▶ ACTIVITY:
Could you transcribe every record below exactly as written, leaving out any pictures?

- - - - - - -

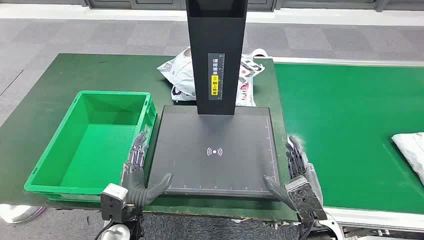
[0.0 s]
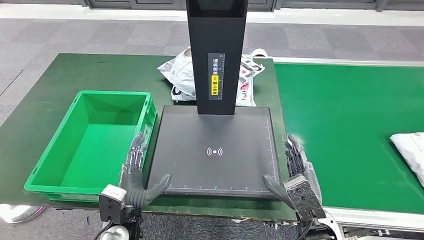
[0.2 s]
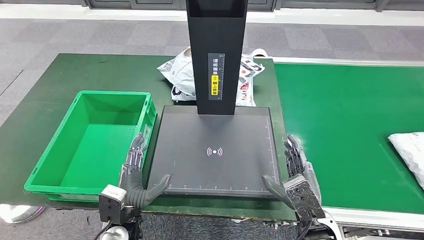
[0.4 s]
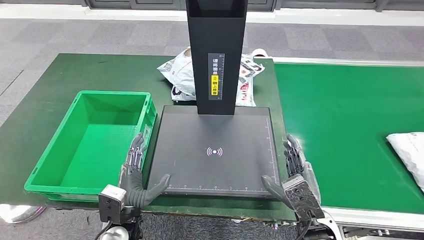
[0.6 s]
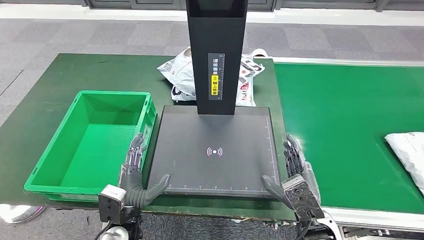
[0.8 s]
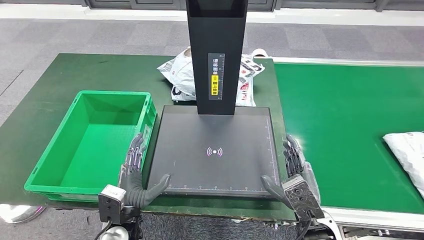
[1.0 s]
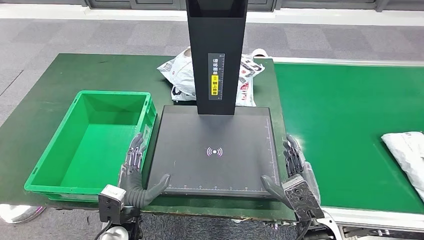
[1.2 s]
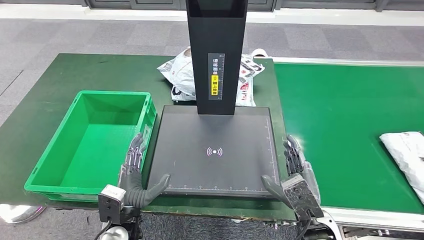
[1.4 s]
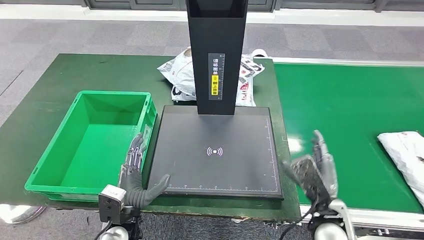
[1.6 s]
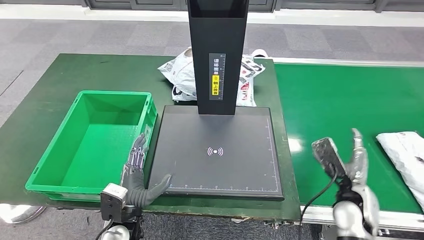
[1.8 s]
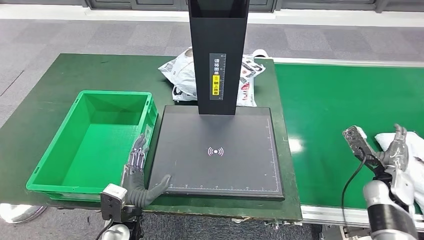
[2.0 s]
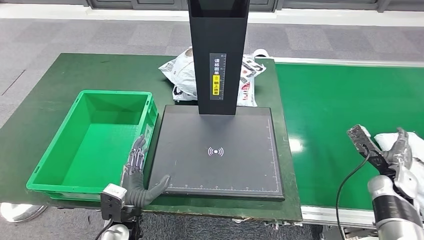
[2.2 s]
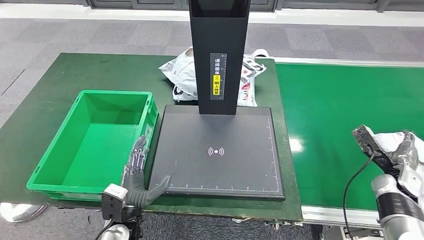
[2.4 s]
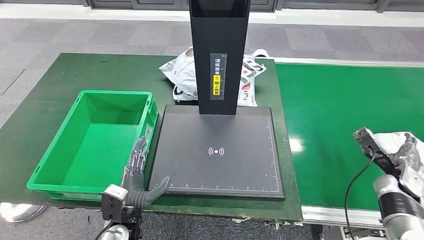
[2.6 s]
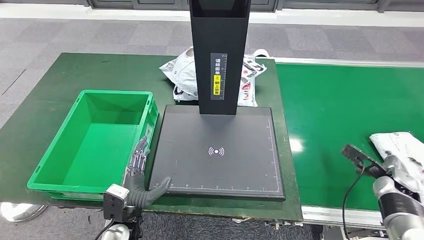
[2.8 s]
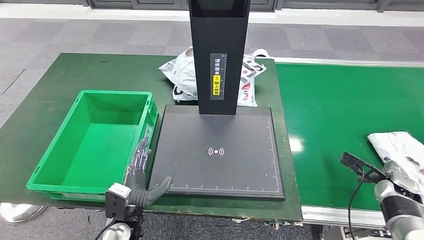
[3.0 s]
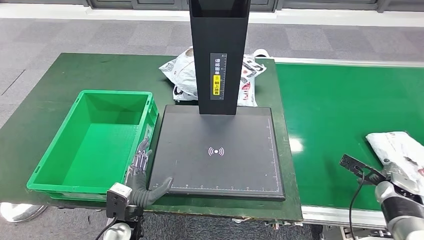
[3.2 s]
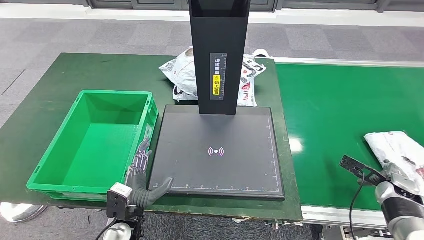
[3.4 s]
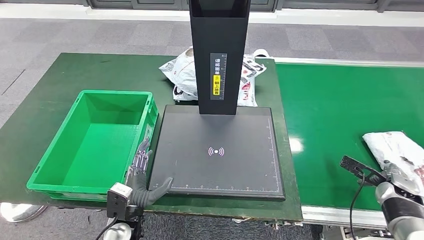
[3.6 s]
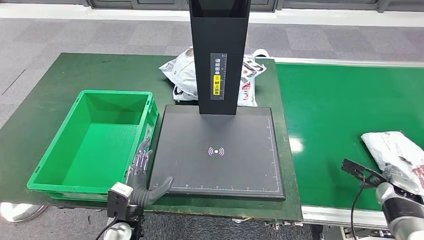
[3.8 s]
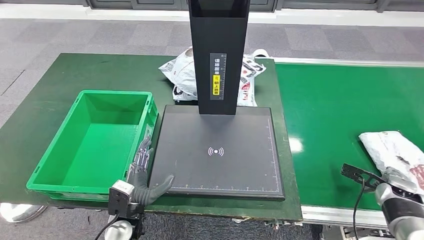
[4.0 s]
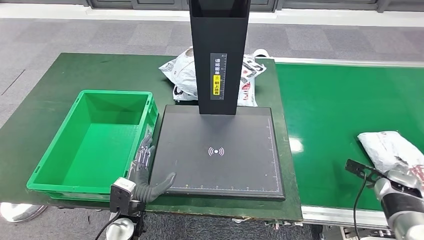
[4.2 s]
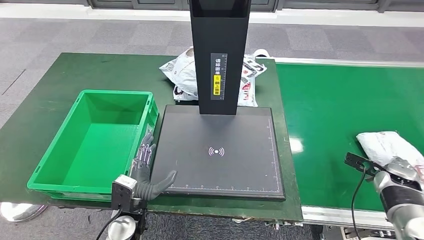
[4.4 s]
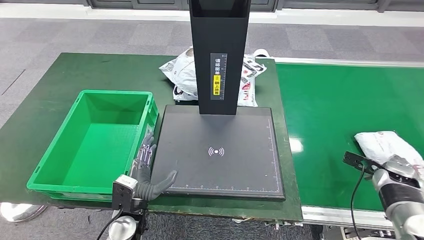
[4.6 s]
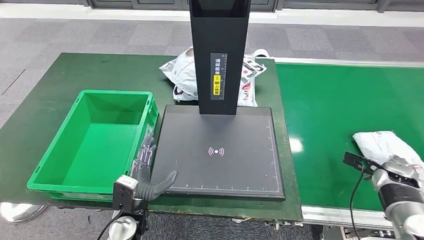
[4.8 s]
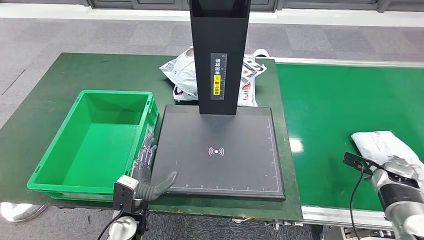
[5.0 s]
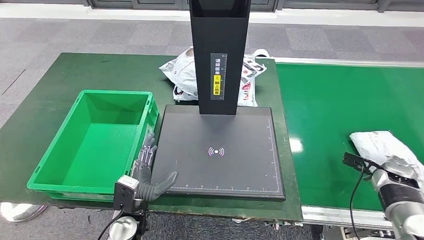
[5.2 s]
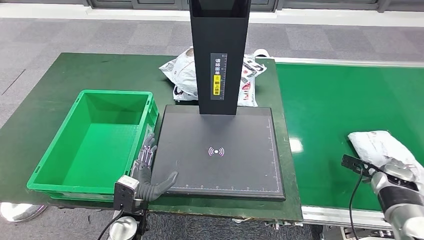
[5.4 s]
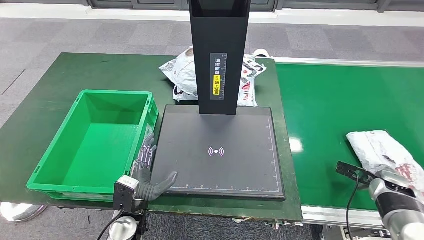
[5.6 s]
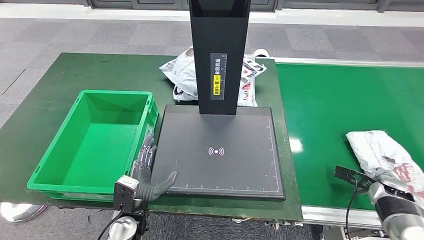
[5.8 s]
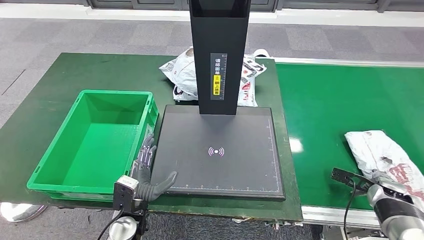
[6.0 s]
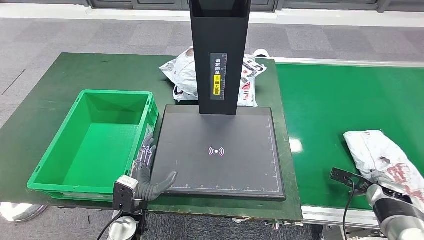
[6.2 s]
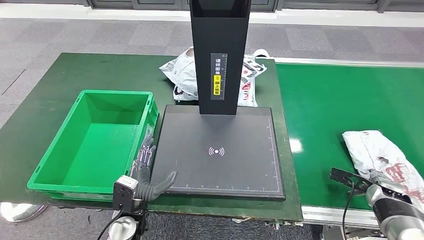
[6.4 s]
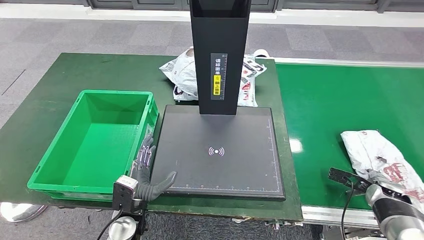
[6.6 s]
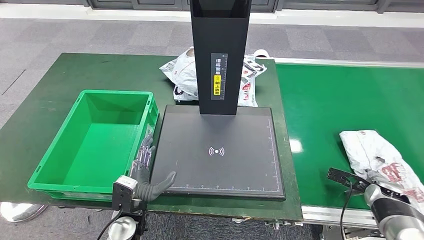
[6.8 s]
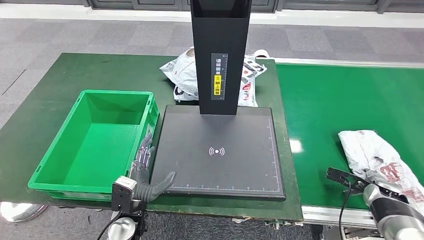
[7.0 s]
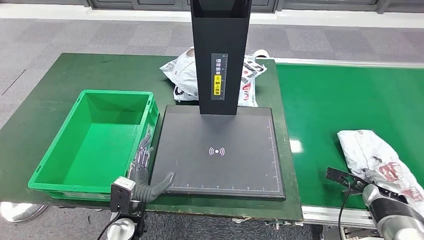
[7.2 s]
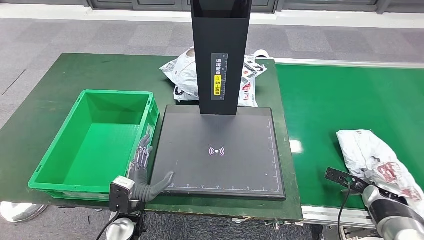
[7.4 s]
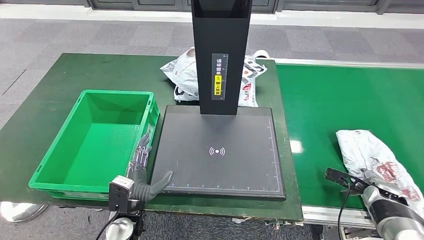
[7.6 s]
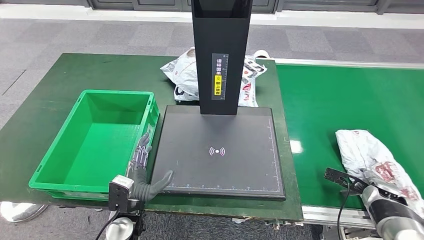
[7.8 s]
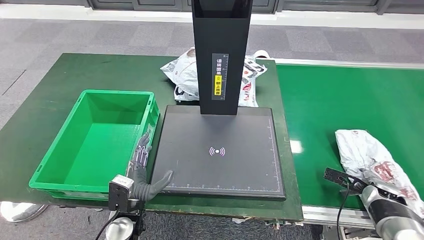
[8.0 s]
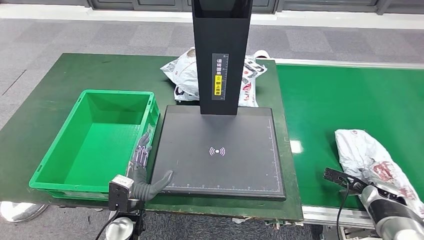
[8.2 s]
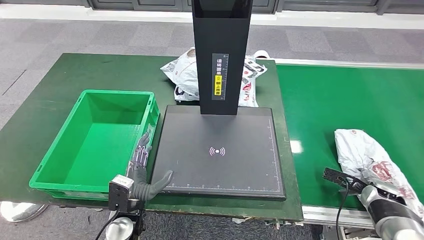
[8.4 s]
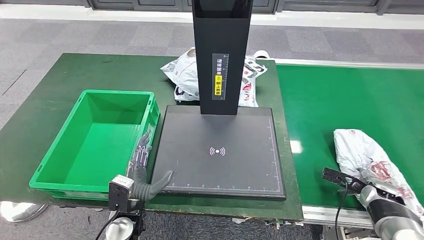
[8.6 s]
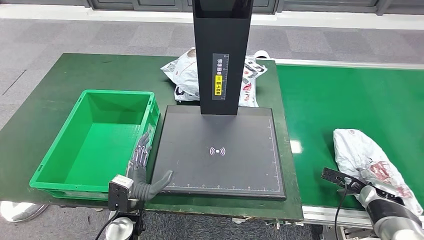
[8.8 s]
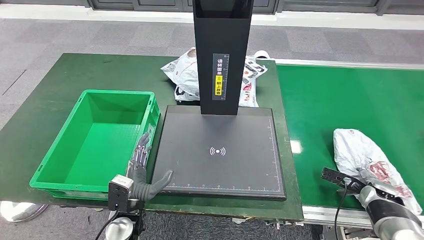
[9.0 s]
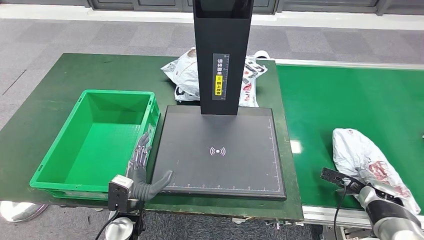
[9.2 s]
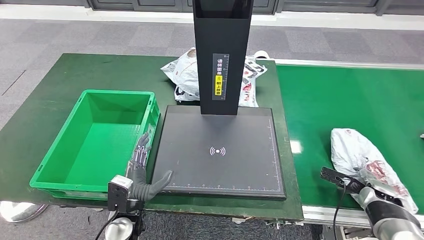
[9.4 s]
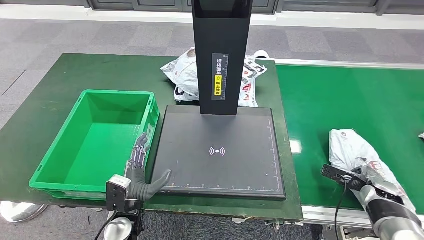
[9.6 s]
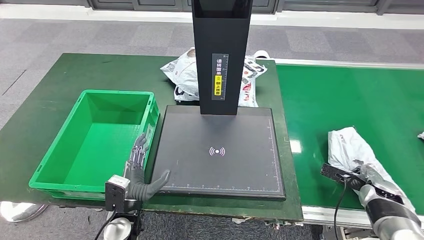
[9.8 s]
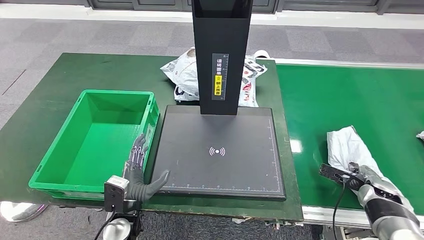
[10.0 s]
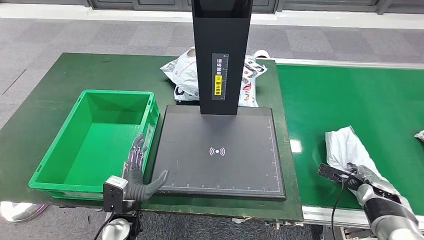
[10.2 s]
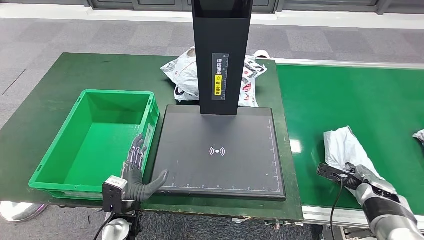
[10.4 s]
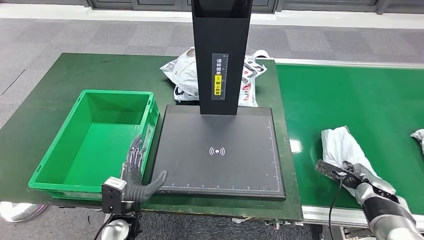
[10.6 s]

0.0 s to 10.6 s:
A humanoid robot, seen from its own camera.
1.6 to 3.0 s: The right hand travels to the right by some 25 cm.
3.0 to 4.6 s: The hands stay close to where they were, moving slightly.
4.6 to 6.0 s: The right hand shifts by roughly 5 cm.
6.0 to 7.6 s: Both hands stay about where they are.
7.6 to 9.0 s: The two hands keep their place.
9.0 to 10.6 s: The hands stay close to where they were, moving slightly.

- - - - - - -

▶ RESULT:
[0.0 s]
[0.2 s]
[0.4 s]
[0.6 s]
[0.8 s]
[1.0 s]
[1.2 s]
[1.4 s]
[1.6 s]
[1.8 s]
[2.0 s]
[2.2 s]
[2.4 s]
[2.6 s]
[2.8 s]
[3.0 s]
[3.2 s]
[3.4 s]
[3.6 s]
[3.8 s]
[4.0 s]
[4.2 s]
[4.4 s]
[4.6 s]
[4.8 s]
[5.0 s]
[5.2 s]
[5.4 s]
[5.6 s]
[5.8 s]
[6.0 s]
[6.2 s]
[6.4 s]
[6.6 s]
[6.8 s]
[7.0 s]
[7.2 s]
[7.4 s]
[7.6 s]
[7.8 s]
[8.0 s]
[8.2 s]
[8.4 s]
[8.6 s]
[8.8 s]
[9.0 s]
[9.2 s]
[9.4 s]
[9.6 s]
[9.8 s]
[10.0 s]
[10.2 s]
[10.4 s]
[10.6 s]

0.0 s to 10.6 s:
A humanoid robot, seen from its own camera.
1.6 to 3.0 s: The right hand travels to the right by some 25 cm.
3.0 to 4.6 s: The hands stay close to where they were, moving slightly.
4.6 to 6.0 s: The right hand shifts by roughly 5 cm.
6.0 to 7.6 s: Both hands stay about where they are.
7.6 to 9.0 s: The two hands keep their place.
9.0 to 10.6 s: The hands stay close to where they were, moving slightly.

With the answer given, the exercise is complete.